Your reply should be an exact copy of the lines from the one that holds "Units: m, deg. One object per line." to the end of the data below.
Data records: Begin
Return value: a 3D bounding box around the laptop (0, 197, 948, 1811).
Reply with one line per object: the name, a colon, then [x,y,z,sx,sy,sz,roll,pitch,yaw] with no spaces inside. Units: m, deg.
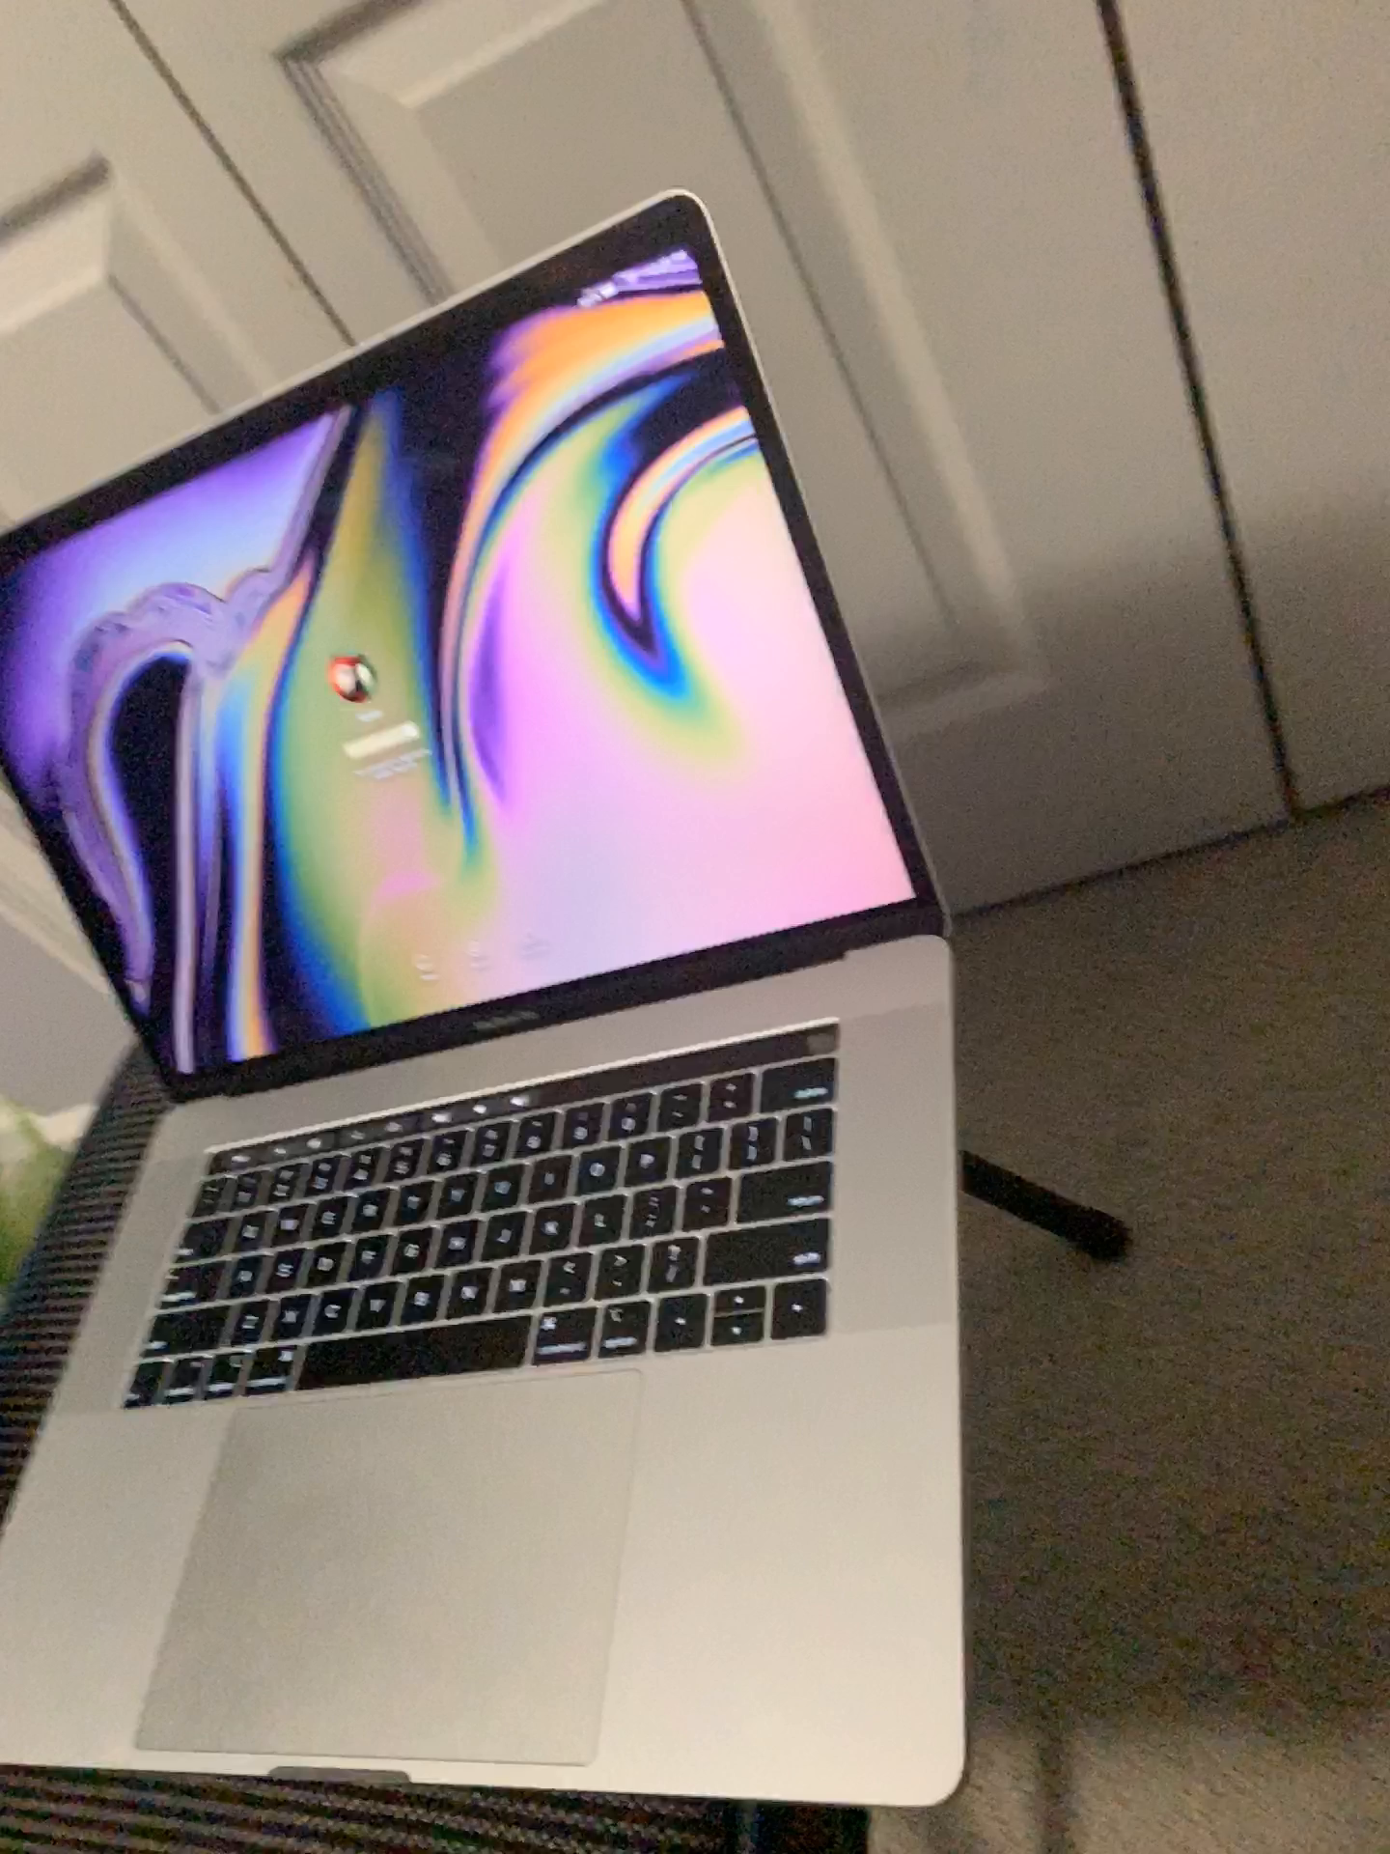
laptop: [-0.122,0.030,0.419,0.342,0.194,0.353,-14,47,25]
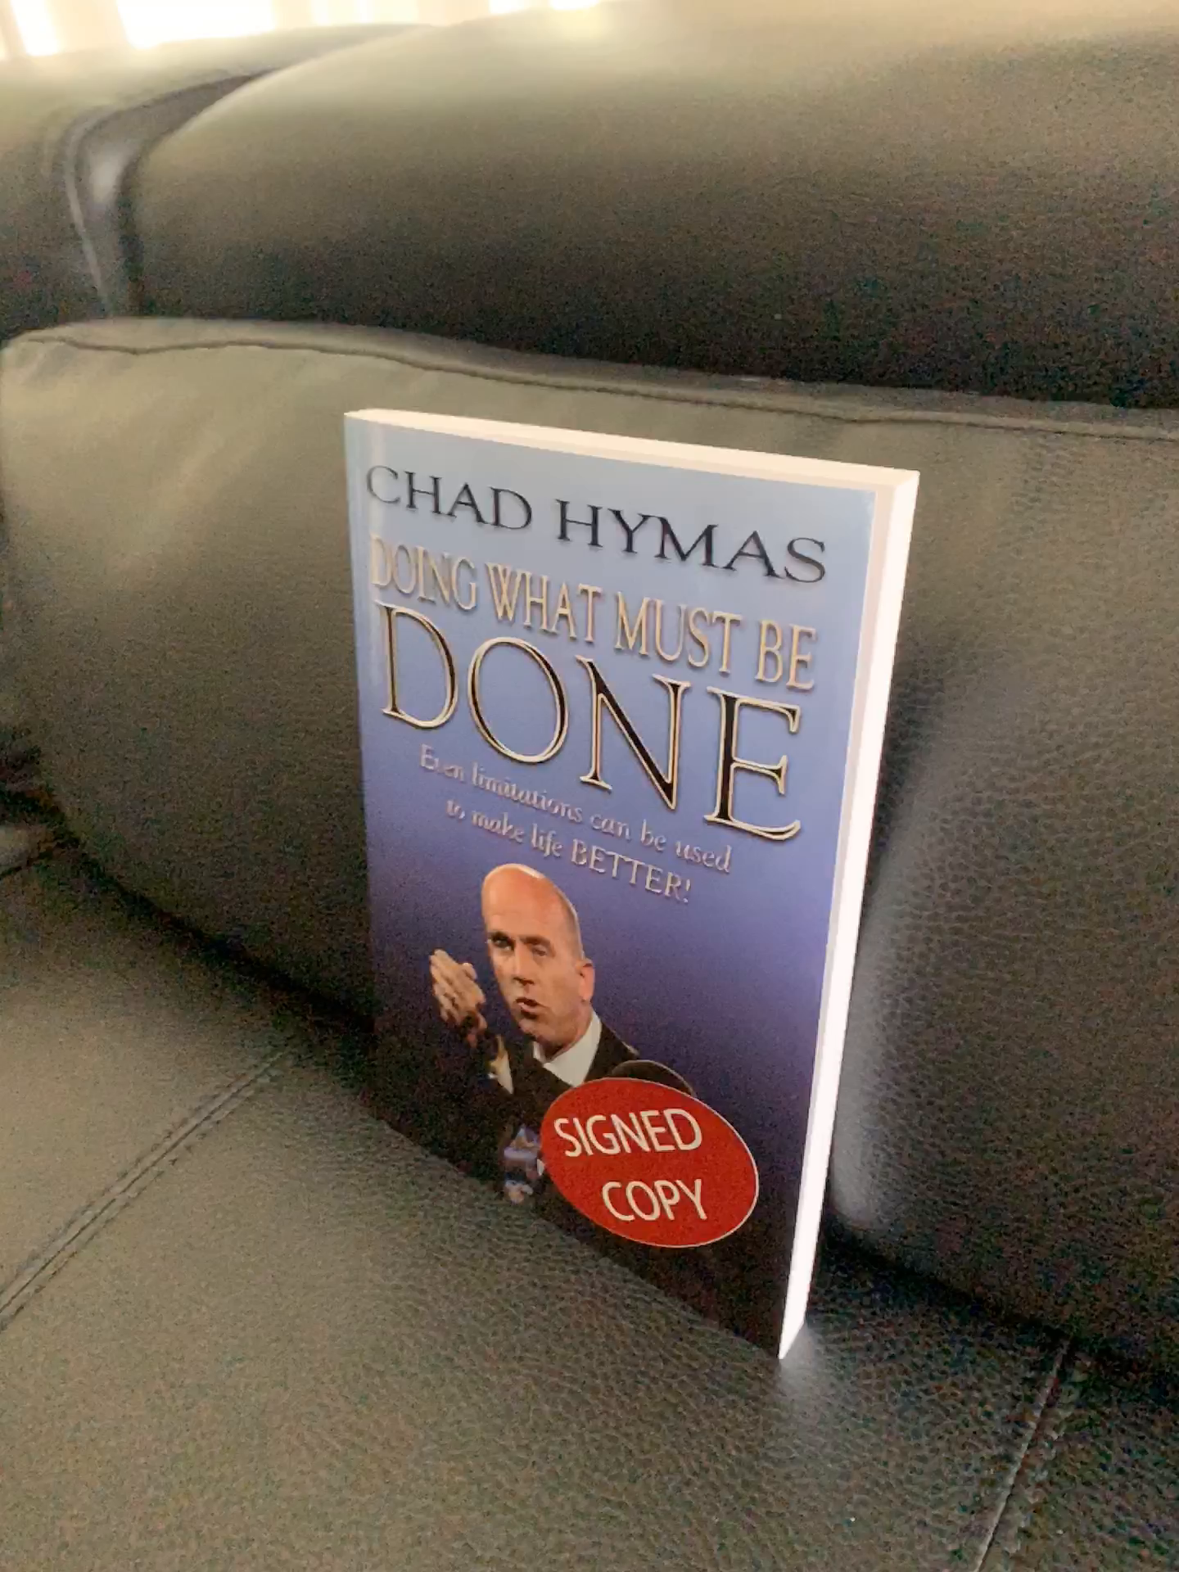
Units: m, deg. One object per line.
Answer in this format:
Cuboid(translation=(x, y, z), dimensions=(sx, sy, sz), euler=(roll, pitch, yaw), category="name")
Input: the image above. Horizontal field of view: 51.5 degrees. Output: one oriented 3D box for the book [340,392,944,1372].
Cuboid(translation=(-0.002, 0.021, 0.325), dimensions=(0.157, 0.225, 0.025), euler=(20, 27, 35), category="book")
Data records: End
Solution to the problem ->
Units: m, deg. One object per line.
Answer in this format:
Cuboid(translation=(x, y, z), dimensions=(sx, sy, sz), euler=(roll, pitch, yaw), category="name")
Input: the image above. Horizontal field of view: 51.5 degrees. Output: one oriented 3D box for the book [340,392,944,1372].
Cuboid(translation=(-0.002, 0.021, 0.325), dimensions=(0.157, 0.225, 0.025), euler=(20, 27, 35), category="book")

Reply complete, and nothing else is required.